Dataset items
= = = = =

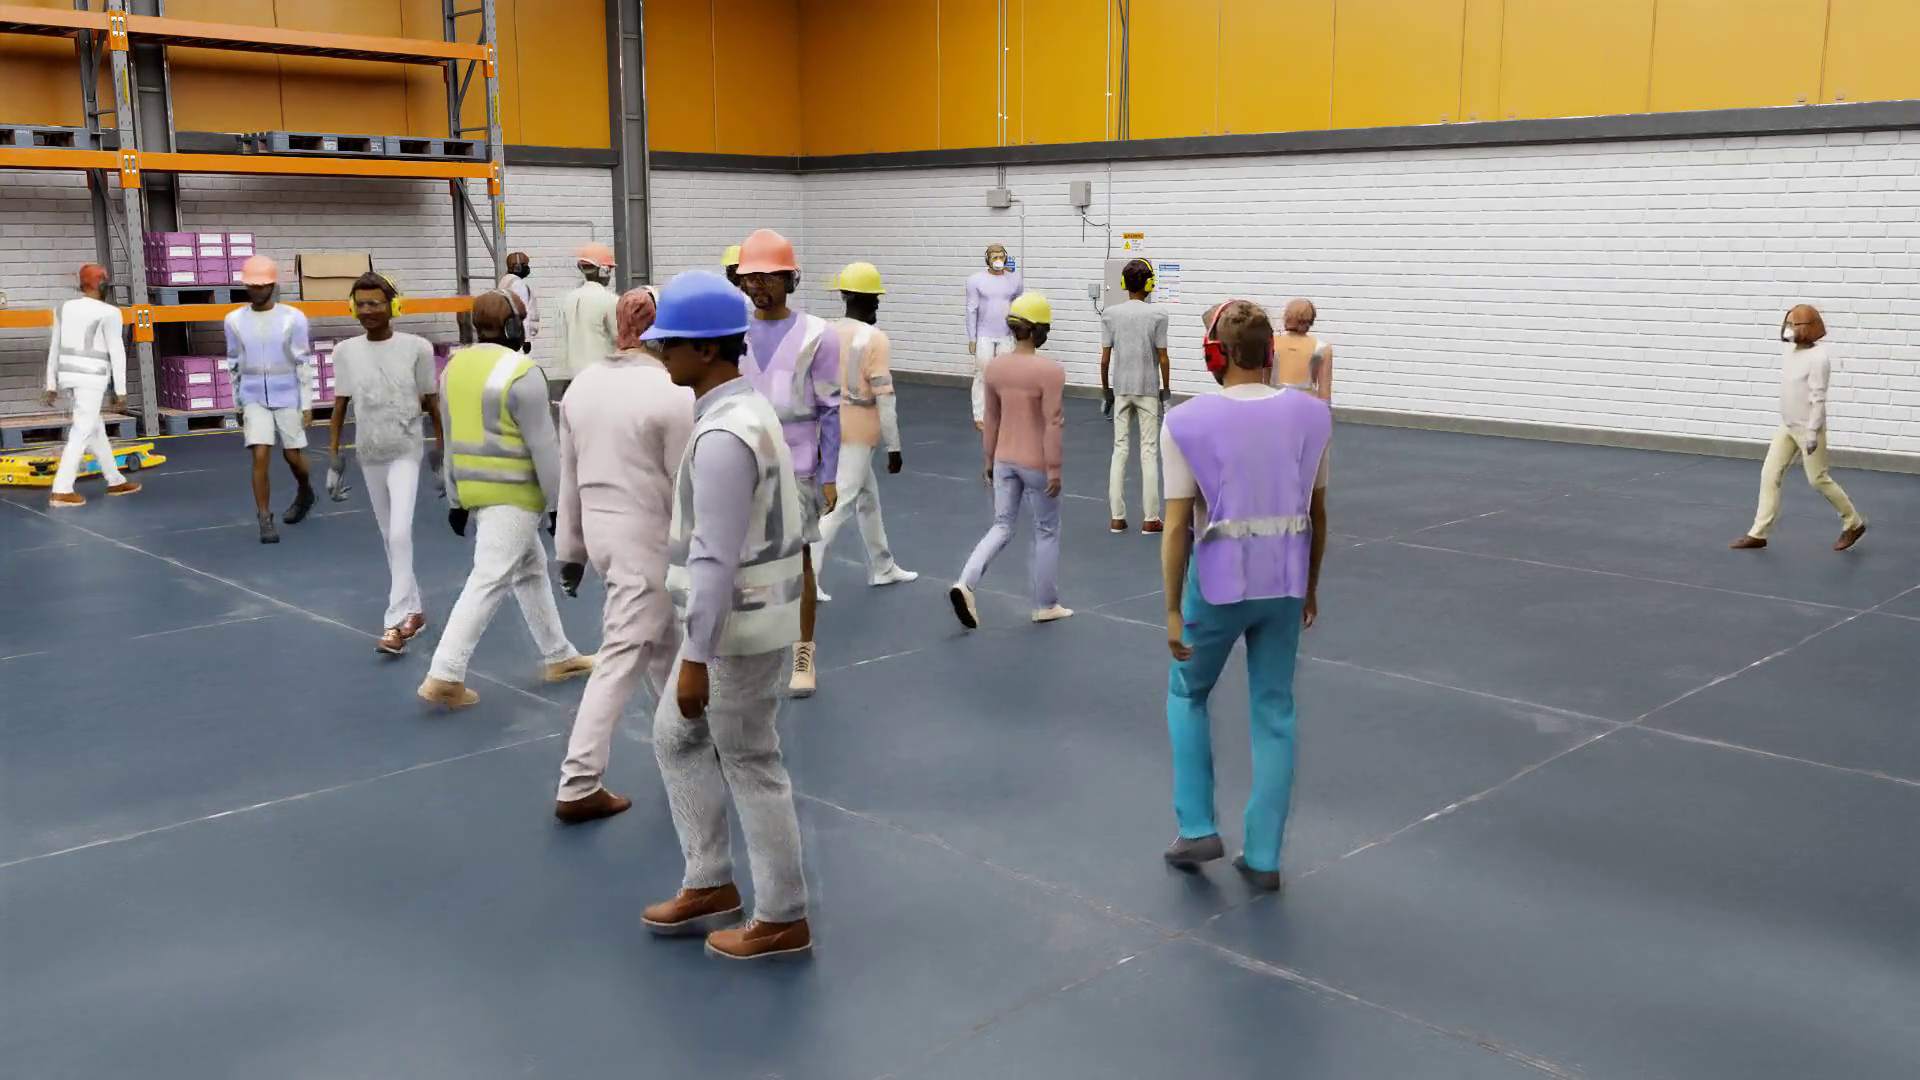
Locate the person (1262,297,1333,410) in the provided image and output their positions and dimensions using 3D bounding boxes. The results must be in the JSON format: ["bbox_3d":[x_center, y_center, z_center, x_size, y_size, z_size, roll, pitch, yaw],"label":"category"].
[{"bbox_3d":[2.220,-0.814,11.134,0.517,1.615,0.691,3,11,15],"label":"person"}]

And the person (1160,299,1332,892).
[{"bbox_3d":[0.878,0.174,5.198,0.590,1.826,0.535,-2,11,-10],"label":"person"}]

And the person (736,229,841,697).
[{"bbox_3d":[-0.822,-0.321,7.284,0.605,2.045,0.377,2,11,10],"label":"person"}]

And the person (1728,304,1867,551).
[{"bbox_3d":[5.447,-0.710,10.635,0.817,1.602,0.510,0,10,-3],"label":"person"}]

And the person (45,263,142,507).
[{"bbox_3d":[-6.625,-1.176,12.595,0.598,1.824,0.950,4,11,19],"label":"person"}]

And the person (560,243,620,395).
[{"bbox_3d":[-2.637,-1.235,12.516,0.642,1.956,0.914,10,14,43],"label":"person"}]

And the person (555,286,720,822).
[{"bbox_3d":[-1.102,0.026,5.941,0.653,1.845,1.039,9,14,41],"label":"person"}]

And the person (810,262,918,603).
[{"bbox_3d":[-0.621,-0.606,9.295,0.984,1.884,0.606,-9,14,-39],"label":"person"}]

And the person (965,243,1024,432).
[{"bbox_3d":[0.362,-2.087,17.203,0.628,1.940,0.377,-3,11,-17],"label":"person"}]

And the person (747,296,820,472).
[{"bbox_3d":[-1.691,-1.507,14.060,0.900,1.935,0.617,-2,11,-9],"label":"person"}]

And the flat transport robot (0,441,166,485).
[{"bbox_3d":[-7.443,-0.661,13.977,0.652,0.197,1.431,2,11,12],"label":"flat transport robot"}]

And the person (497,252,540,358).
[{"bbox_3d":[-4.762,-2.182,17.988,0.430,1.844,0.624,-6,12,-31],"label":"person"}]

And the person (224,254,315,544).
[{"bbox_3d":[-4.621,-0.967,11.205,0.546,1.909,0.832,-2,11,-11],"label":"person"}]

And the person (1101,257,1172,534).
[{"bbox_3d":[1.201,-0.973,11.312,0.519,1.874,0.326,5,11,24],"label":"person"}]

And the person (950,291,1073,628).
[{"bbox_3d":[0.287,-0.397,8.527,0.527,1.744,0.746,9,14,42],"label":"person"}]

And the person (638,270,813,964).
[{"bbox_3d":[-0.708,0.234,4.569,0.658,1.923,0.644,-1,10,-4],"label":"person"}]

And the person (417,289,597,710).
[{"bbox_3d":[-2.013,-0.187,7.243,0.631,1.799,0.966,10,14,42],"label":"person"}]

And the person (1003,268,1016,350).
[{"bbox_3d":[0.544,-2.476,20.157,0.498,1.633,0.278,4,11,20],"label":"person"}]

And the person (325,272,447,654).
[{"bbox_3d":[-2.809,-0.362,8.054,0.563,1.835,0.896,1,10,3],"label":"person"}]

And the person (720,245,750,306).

= = = = =

=== Try it ===
Repeat every record above exactly, but leave out any pictures.

=== Answer to this problem ===
Locate the person (1262,297,1333,410) in the provided image and output their positions and dimensions using 3D bounding boxes. The results must be in the JSON format: ["bbox_3d":[x_center, y_center, z_center, x_size, y_size, z_size, roll, pitch, yaw],"label":"category"].
[{"bbox_3d":[2.220,-0.814,11.134,0.517,1.615,0.691,3,11,15],"label":"person"}]

And the person (1160,299,1332,892).
[{"bbox_3d":[0.878,0.174,5.198,0.590,1.826,0.535,-2,11,-10],"label":"person"}]

And the person (736,229,841,697).
[{"bbox_3d":[-0.822,-0.321,7.284,0.605,2.045,0.377,2,11,10],"label":"person"}]

And the person (1728,304,1867,551).
[{"bbox_3d":[5.447,-0.710,10.635,0.817,1.602,0.510,0,10,-3],"label":"person"}]

And the person (45,263,142,507).
[{"bbox_3d":[-6.625,-1.176,12.595,0.598,1.824,0.950,4,11,19],"label":"person"}]

And the person (560,243,620,395).
[{"bbox_3d":[-2.637,-1.235,12.516,0.642,1.956,0.914,10,14,43],"label":"person"}]

And the person (555,286,720,822).
[{"bbox_3d":[-1.102,0.026,5.941,0.653,1.845,1.039,9,14,41],"label":"person"}]

And the person (810,262,918,603).
[{"bbox_3d":[-0.621,-0.606,9.295,0.984,1.884,0.606,-9,14,-39],"label":"person"}]

And the person (965,243,1024,432).
[{"bbox_3d":[0.362,-2.087,17.203,0.628,1.940,0.377,-3,11,-17],"label":"person"}]

And the person (747,296,820,472).
[{"bbox_3d":[-1.691,-1.507,14.060,0.900,1.935,0.617,-2,11,-9],"label":"person"}]

And the flat transport robot (0,441,166,485).
[{"bbox_3d":[-7.443,-0.661,13.977,0.652,0.197,1.431,2,11,12],"label":"flat transport robot"}]

And the person (497,252,540,358).
[{"bbox_3d":[-4.762,-2.182,17.988,0.430,1.844,0.624,-6,12,-31],"label":"person"}]

And the person (224,254,315,544).
[{"bbox_3d":[-4.621,-0.967,11.205,0.546,1.909,0.832,-2,11,-11],"label":"person"}]

And the person (1101,257,1172,534).
[{"bbox_3d":[1.201,-0.973,11.312,0.519,1.874,0.326,5,11,24],"label":"person"}]

And the person (950,291,1073,628).
[{"bbox_3d":[0.287,-0.397,8.527,0.527,1.744,0.746,9,14,42],"label":"person"}]

And the person (638,270,813,964).
[{"bbox_3d":[-0.708,0.234,4.569,0.658,1.923,0.644,-1,10,-4],"label":"person"}]

And the person (417,289,597,710).
[{"bbox_3d":[-2.013,-0.187,7.243,0.631,1.799,0.966,10,14,42],"label":"person"}]

And the person (1003,268,1016,350).
[{"bbox_3d":[0.544,-2.476,20.157,0.498,1.633,0.278,4,11,20],"label":"person"}]

And the person (325,272,447,654).
[{"bbox_3d":[-2.809,-0.362,8.054,0.563,1.835,0.896,1,10,3],"label":"person"}]

And the person (720,245,750,306).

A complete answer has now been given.